I am a compiler engineer and this is not as great as it seems like. If you are r...

mikemike · on Aug 27, 2023

This is conjecture. OTOH I measured while I designed the LuaJIT IR.

1. An array index is just as suitable as a pointer for dereferencing. 2. What matters is how many dereferences are needed and their locality. 3. Data structure density is important to get high cache utilization.

References show a lot of locality: 40% of all IR operands reference the previous node. 70% reference the previous 10 nodes. A linear IR is the best cache-optimized data structure for this.

That said, dereferencing of an operand happens less often than one might think. Most of the time, one really needs the operand index itself, e.g. for hashes or comparisons. Again, indexes have many advantages over pointers here.

What paid off the most was to use a fixed size IR instruction format (only 64 bit!) with 2 operands and 16 bit indexes. The restriction to 2 operands is actually beneficial, since it helps with commoning and makes you think about IR design. The 16 bit index range is not a limitation in practice (split IR chunks, if you need to). The high orthogonality of the IR avoids many iterations and unpredictable branches in the compiler itself.

The 16 bit indexes also enable the use of tagged references in the compiler code (not in the IR). The tag caches node properties: type, flags, constness. This avoids even more dereferences. LuaJIT uses this in the front pipeline for fast type checks and on-the-fly folding.

the-smug-one · on Aug 28, 2023

Did you happen to do any long form prose writing (paper, online article, etc) about the design of the LuaJIT IR? Sounds extremely fascinating.

the-smug-one · on Aug 26, 2023

I dunno, is that really true? The indices into the array can be 4 instead of 8 bytes on a 64-bit system for example, that would double the indices available in one cache line. And then you have the possibility of storing the in/out node references as indices also, halving the memory there. And I know that work lists and stacks of nodes are common for certain transformations, so that would also have an impact. And that's just one thing, having an index effectively means that you can split your data structure into multiple arrays ('struct of arrays' fashion), which might mean that you're doing fewer accesses and jumps over all.

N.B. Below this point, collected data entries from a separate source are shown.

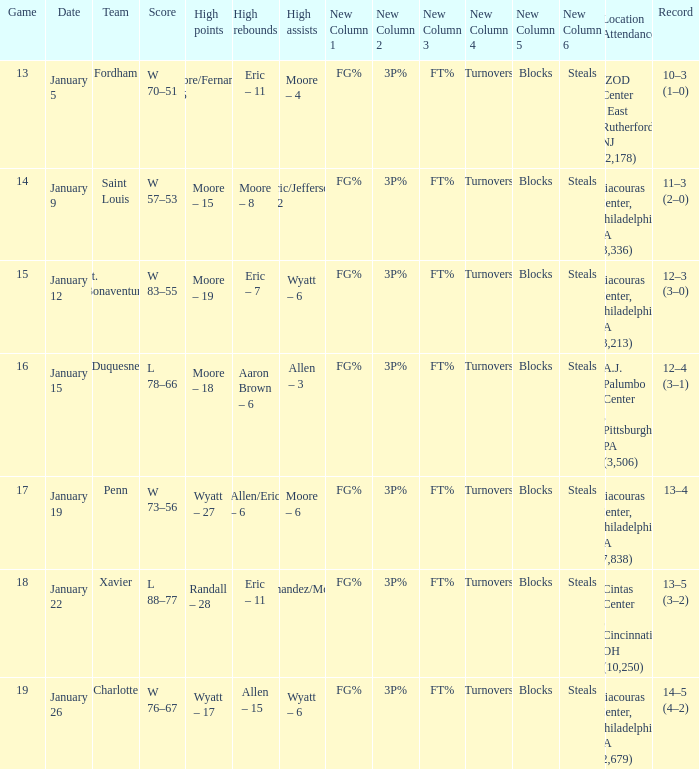What team was Temple playing on January 19? Penn. Would you mind parsing the complete table? {'header': ['Game', 'Date', 'Team', 'Score', 'High points', 'High rebounds', 'High assists', 'New Column 1', 'New Column 2', 'New Column 3', 'New Column 4', 'New Column 5', 'New Column 6', 'Location Attendance', 'Record'], 'rows': [['13', 'January 5', 'Fordham', 'W 70–51', 'Moore/Fernandez – 15', 'Eric – 11', 'Moore – 4', 'FG%', '3P%', 'FT%', 'Turnovers', 'Blocks', 'Steals', 'IZOD Center , East Rutherford, NJ (2,178)', '10–3 (1–0)'], ['14', 'January 9', 'Saint Louis', 'W 57–53', 'Moore – 15', 'Moore – 8', 'Eric/Jefferson – 2', 'FG%', '3P%', 'FT%', 'Turnovers', 'Blocks', 'Steals', 'Liacouras Center, Philadelphia, PA (3,336)', '11–3 (2–0)'], ['15', 'January 12', 'St. Bonaventure', 'W 83–55', 'Moore – 19', 'Eric – 7', 'Wyatt – 6', 'FG%', '3P%', 'FT%', 'Turnovers', 'Blocks', 'Steals', 'Liacouras Center, Philadelphia, PA (3,213)', '12–3 (3–0)'], ['16', 'January 15', 'Duquesne', 'L 78–66', 'Moore – 18', 'Aaron Brown – 6', 'Allen – 3', 'FG%', '3P%', 'FT%', 'Turnovers', 'Blocks', 'Steals', 'A.J. Palumbo Center , Pittsburgh, PA (3,506)', '12–4 (3–1)'], ['17', 'January 19', 'Penn', 'W 73–56', 'Wyatt – 27', 'Allen/Eric – 6', 'Moore – 6', 'FG%', '3P%', 'FT%', 'Turnovers', 'Blocks', 'Steals', 'Liacouras Center, Philadelphia, PA (7,838)', '13–4'], ['18', 'January 22', 'Xavier', 'L 88–77', 'Randall – 28', 'Eric – 11', 'Fernandez/Moore – 5', 'FG%', '3P%', 'FT%', 'Turnovers', 'Blocks', 'Steals', 'Cintas Center , Cincinnati, OH (10,250)', '13–5 (3–2)'], ['19', 'January 26', 'Charlotte', 'W 76–67', 'Wyatt – 17', 'Allen – 15', 'Wyatt – 6', 'FG%', '3P%', 'FT%', 'Turnovers', 'Blocks', 'Steals', 'Liacouras Center, Philadelphia, PA (2,679)', '14–5 (4–2)']]} 
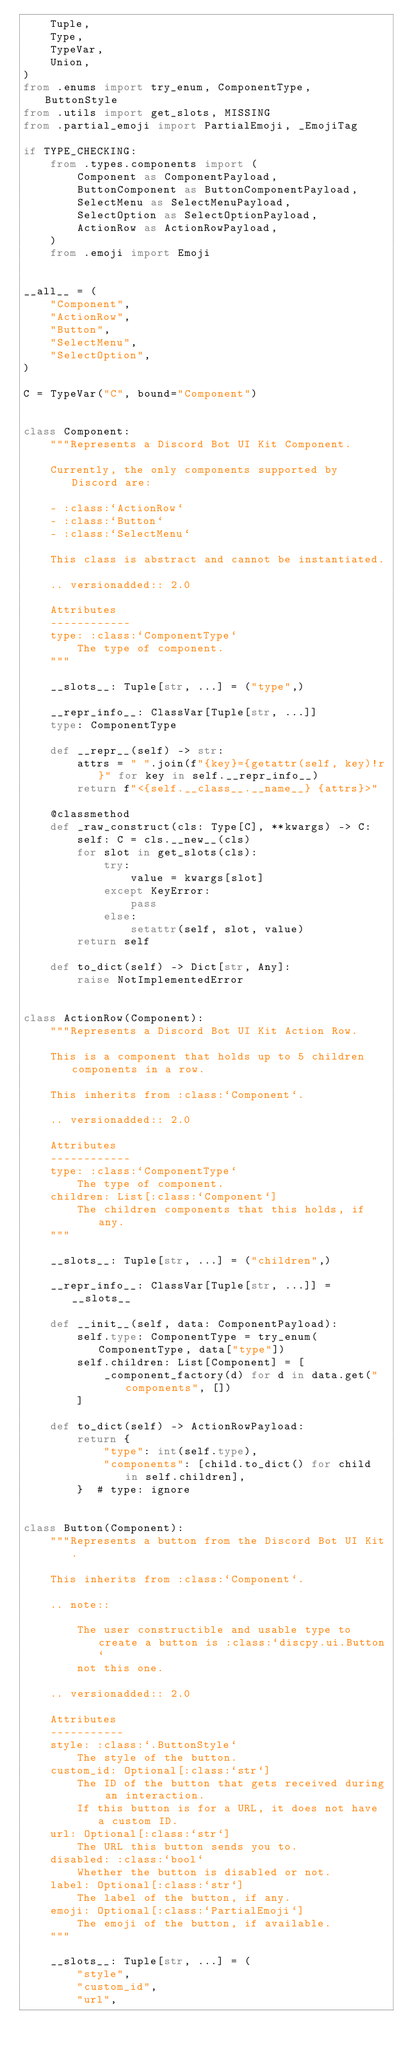<code> <loc_0><loc_0><loc_500><loc_500><_Python_>    Tuple,
    Type,
    TypeVar,
    Union,
)
from .enums import try_enum, ComponentType, ButtonStyle
from .utils import get_slots, MISSING
from .partial_emoji import PartialEmoji, _EmojiTag

if TYPE_CHECKING:
    from .types.components import (
        Component as ComponentPayload,
        ButtonComponent as ButtonComponentPayload,
        SelectMenu as SelectMenuPayload,
        SelectOption as SelectOptionPayload,
        ActionRow as ActionRowPayload,
    )
    from .emoji import Emoji


__all__ = (
    "Component",
    "ActionRow",
    "Button",
    "SelectMenu",
    "SelectOption",
)

C = TypeVar("C", bound="Component")


class Component:
    """Represents a Discord Bot UI Kit Component.

    Currently, the only components supported by Discord are:

    - :class:`ActionRow`
    - :class:`Button`
    - :class:`SelectMenu`

    This class is abstract and cannot be instantiated.

    .. versionadded:: 2.0

    Attributes
    ------------
    type: :class:`ComponentType`
        The type of component.
    """

    __slots__: Tuple[str, ...] = ("type",)

    __repr_info__: ClassVar[Tuple[str, ...]]
    type: ComponentType

    def __repr__(self) -> str:
        attrs = " ".join(f"{key}={getattr(self, key)!r}" for key in self.__repr_info__)
        return f"<{self.__class__.__name__} {attrs}>"

    @classmethod
    def _raw_construct(cls: Type[C], **kwargs) -> C:
        self: C = cls.__new__(cls)
        for slot in get_slots(cls):
            try:
                value = kwargs[slot]
            except KeyError:
                pass
            else:
                setattr(self, slot, value)
        return self

    def to_dict(self) -> Dict[str, Any]:
        raise NotImplementedError


class ActionRow(Component):
    """Represents a Discord Bot UI Kit Action Row.

    This is a component that holds up to 5 children components in a row.

    This inherits from :class:`Component`.

    .. versionadded:: 2.0

    Attributes
    ------------
    type: :class:`ComponentType`
        The type of component.
    children: List[:class:`Component`]
        The children components that this holds, if any.
    """

    __slots__: Tuple[str, ...] = ("children",)

    __repr_info__: ClassVar[Tuple[str, ...]] = __slots__

    def __init__(self, data: ComponentPayload):
        self.type: ComponentType = try_enum(ComponentType, data["type"])
        self.children: List[Component] = [
            _component_factory(d) for d in data.get("components", [])
        ]

    def to_dict(self) -> ActionRowPayload:
        return {
            "type": int(self.type),
            "components": [child.to_dict() for child in self.children],
        }  # type: ignore


class Button(Component):
    """Represents a button from the Discord Bot UI Kit.

    This inherits from :class:`Component`.

    .. note::

        The user constructible and usable type to create a button is :class:`discpy.ui.Button`
        not this one.

    .. versionadded:: 2.0

    Attributes
    -----------
    style: :class:`.ButtonStyle`
        The style of the button.
    custom_id: Optional[:class:`str`]
        The ID of the button that gets received during an interaction.
        If this button is for a URL, it does not have a custom ID.
    url: Optional[:class:`str`]
        The URL this button sends you to.
    disabled: :class:`bool`
        Whether the button is disabled or not.
    label: Optional[:class:`str`]
        The label of the button, if any.
    emoji: Optional[:class:`PartialEmoji`]
        The emoji of the button, if available.
    """

    __slots__: Tuple[str, ...] = (
        "style",
        "custom_id",
        "url",</code> 
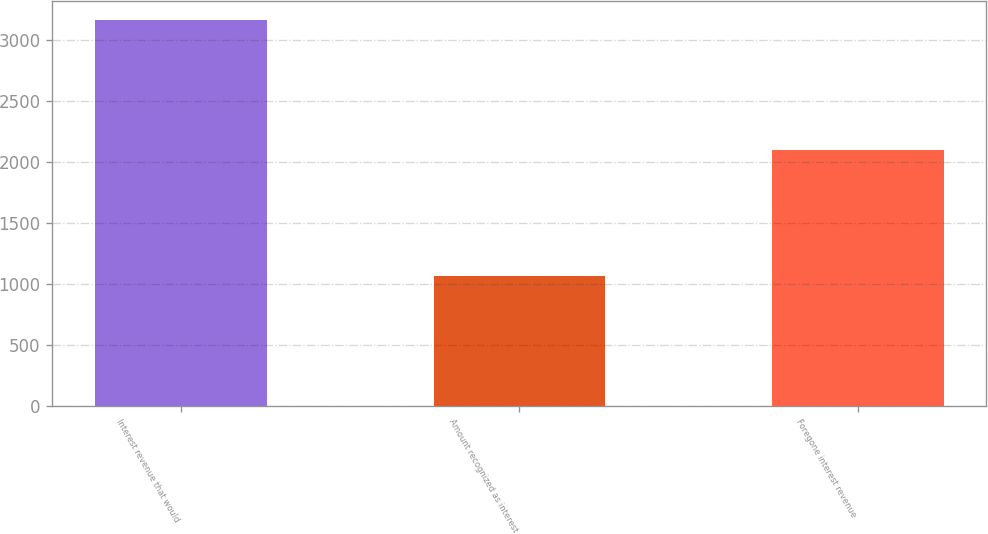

Considering all of that, I'm really not convinced that plain pointers will beat indices. I also don't see what alias analysis has to do with it in this case, sounds like a compiler could easily do alias analysis on A being accessed only as a T by virtue of A having the type Array<T,N>.

mattsan · on Aug 27, 2023

Might be worth exploring linear ASTs with relative pointers which size could be truncated along with N-byte alignments

kevindamm · on Aug 27, 2023

profile it!

viraptor · on Aug 27, 2023

Are you saying a move from/to [register+offset] is a magnitude(s) slower than a move from/to [register]? And that prefetching doesn't work with them? Because that's what array indices effectively result in. And... that's not true for either case as far as I know.

fooker · on Aug 27, 2023

Arrays shine when you access the elements in a predictable order.

That's what compiler backend and hardware optimizes for.

Blindly replacing pointers with random indexes into large arrays doesn't pan out.

viraptor · on Aug 27, 2023

This is still really vague. Doesn't pan out how exactly? Arrays aren't a thing at hardware level and are only sometimes a thing in compiler backend. Prefetching the next line helps, but it's irrelevant how the type is represented in the code. (And you can explicitly prefetch from a random address as well) What downsides are you talking about here specifically? Where do the orders of magnitude come from?

vanderZwan · on Aug 27, 2023

Maybe the next paragraph in the link is a crucial bit of missing context here?

> Skip-list chains: The IR is threaded with segregated, per-opcode skip-list chains. The links are stored in a multi-purpose 16 bit field in the instruction. This facilitates low-overhead lookup for CSE, DSE and alias analysis. Back-linking enables short-cut searches (average overhead is less than 1 lookup). Incremental build-up is trivial. No hashes, no sets, no complex updates.

Seems like there is more going on than just replacing pointers with arrays 1:1.